| Data for review |
*-*-*

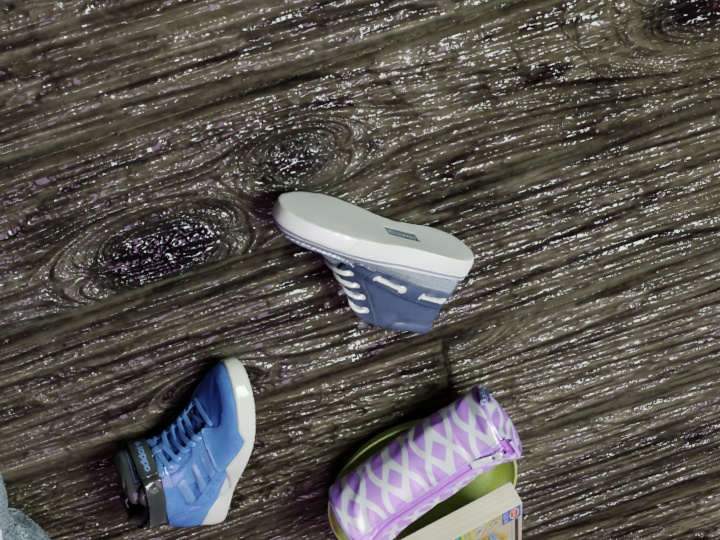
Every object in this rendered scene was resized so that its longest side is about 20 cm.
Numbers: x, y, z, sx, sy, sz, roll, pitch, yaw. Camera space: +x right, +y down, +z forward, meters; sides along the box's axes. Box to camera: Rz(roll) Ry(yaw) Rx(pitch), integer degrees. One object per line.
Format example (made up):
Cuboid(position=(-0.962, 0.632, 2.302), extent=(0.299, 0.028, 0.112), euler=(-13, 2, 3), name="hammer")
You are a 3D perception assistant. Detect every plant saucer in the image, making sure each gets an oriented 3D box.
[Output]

*-*-*

| Task details |
How many of the lines in the material hold the word "object"? Give that number alone.

| Answer box |
2